Artificial intelligence is already having an impact in corporate finance — but success depends on strategic and disciplined adoption.
It’s one of the central themes that emerged as senior finance leaders from major U.S. companies such as Alphabet, Meta, HP, IBM and ServiceNow highlighted lessons learned from some of their organizations’ AI initiatives during a virtual conference last week hosted by Financial Executives International.
The Nov. 11–13 event explored “challenges and emerging opportunities” reshaping modern finance teams, with AI dominating discussions on the third day.
“I think embedding responsible technology principles and governance from design to deployment to monitoring will really be a differentiator in the long term for companies,” Denise Lucas, a vice president and assistant controller at IBM, said during a Thursday panel discussion exploring strategic AI use cases across the finance function.
Speakers emphasized the importance of keeping humans “in the loop” when it comes to AI deployments.
“We're being thoughtful; we're being careful,” Danielle Fontaine, an assistant controller at ServiceNow, said of her company’s AI approach.
ServiceNow’s revenue accounting team is currently using a third-party contract review tool powered by natural language processing and generative AI to help streamline the order-to-cash process, according to Fontaine.
“Our teams are incredibly crunched when we get to each quarter end,” she said. “And so, we want to ensure that the weird and wonderful deals are getting the right level of focus and attention, and the standard contracts are flowing through.”
The tool extracts data and automates the preparation of revenue contract review checklists, allowing the team to “know quickly where to put their energy,” Fontaine said.
“Currently, 100% of the checklists prepared by the tool are being reviewed by a human, given the inherently high risk of improper revenue recognition,” she added.
Lucas discussed her company’s experience with using AI for expense forecasting.
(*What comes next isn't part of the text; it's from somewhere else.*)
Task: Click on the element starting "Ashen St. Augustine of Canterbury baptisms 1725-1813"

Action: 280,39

Joe Bohnert, an innovation architect leader at Meta, described an AI use case involving the company’s prepaid accounting process.
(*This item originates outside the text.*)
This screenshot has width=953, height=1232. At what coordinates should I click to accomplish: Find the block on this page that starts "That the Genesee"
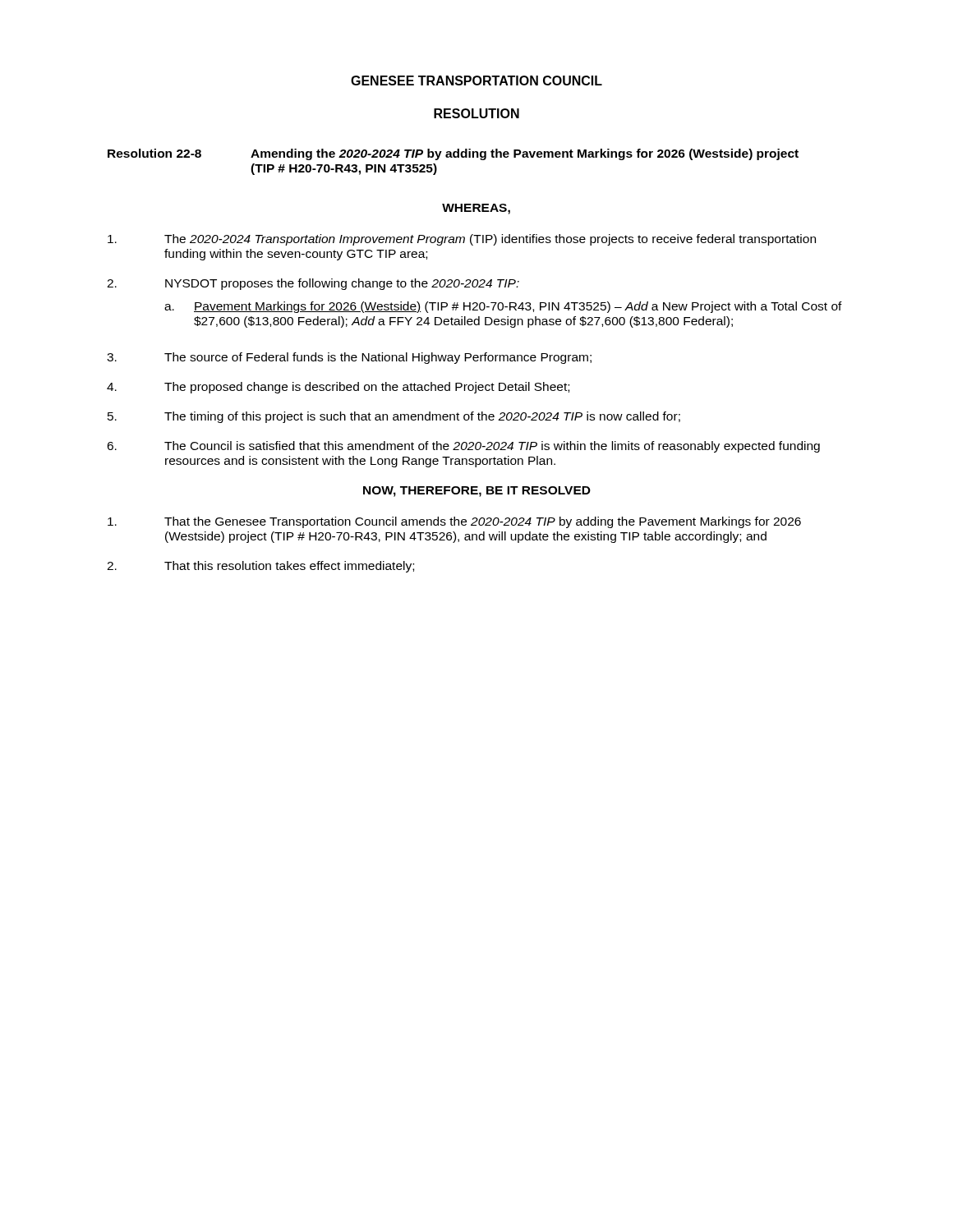[x=476, y=529]

Other finance-related AI use cases were highlighted earlier in the day during a panel discussion on digital transformation. That session included a rundown of how the credit and collections team at HP is using agentic AI to more quickly resolve customer payment disputes.
Meg Dholabhai, global finance transformation leader at HP, said her company always starts projects aimed at overhauling processes or workflows by asking, “What problem are we trying to solve?”
“Technology comes second,” she said.
The message was echoed by Saqib Baig, chief accounting officer and commercial business CFO at fitness equipment company Peloton.
“We have all seen first-hand that when you take a sub-optimal business process and try to digitize it, you’re basically [creating] long-term tech debt,” Baig said. “So, getting the sequence [right] is extremely important.”
Amie Thuener, chief accounting officer and corporate controller at Alphabet, said it’s important to have “very good, clean data” and “know where it all is” before pushing forward with a transformation effort.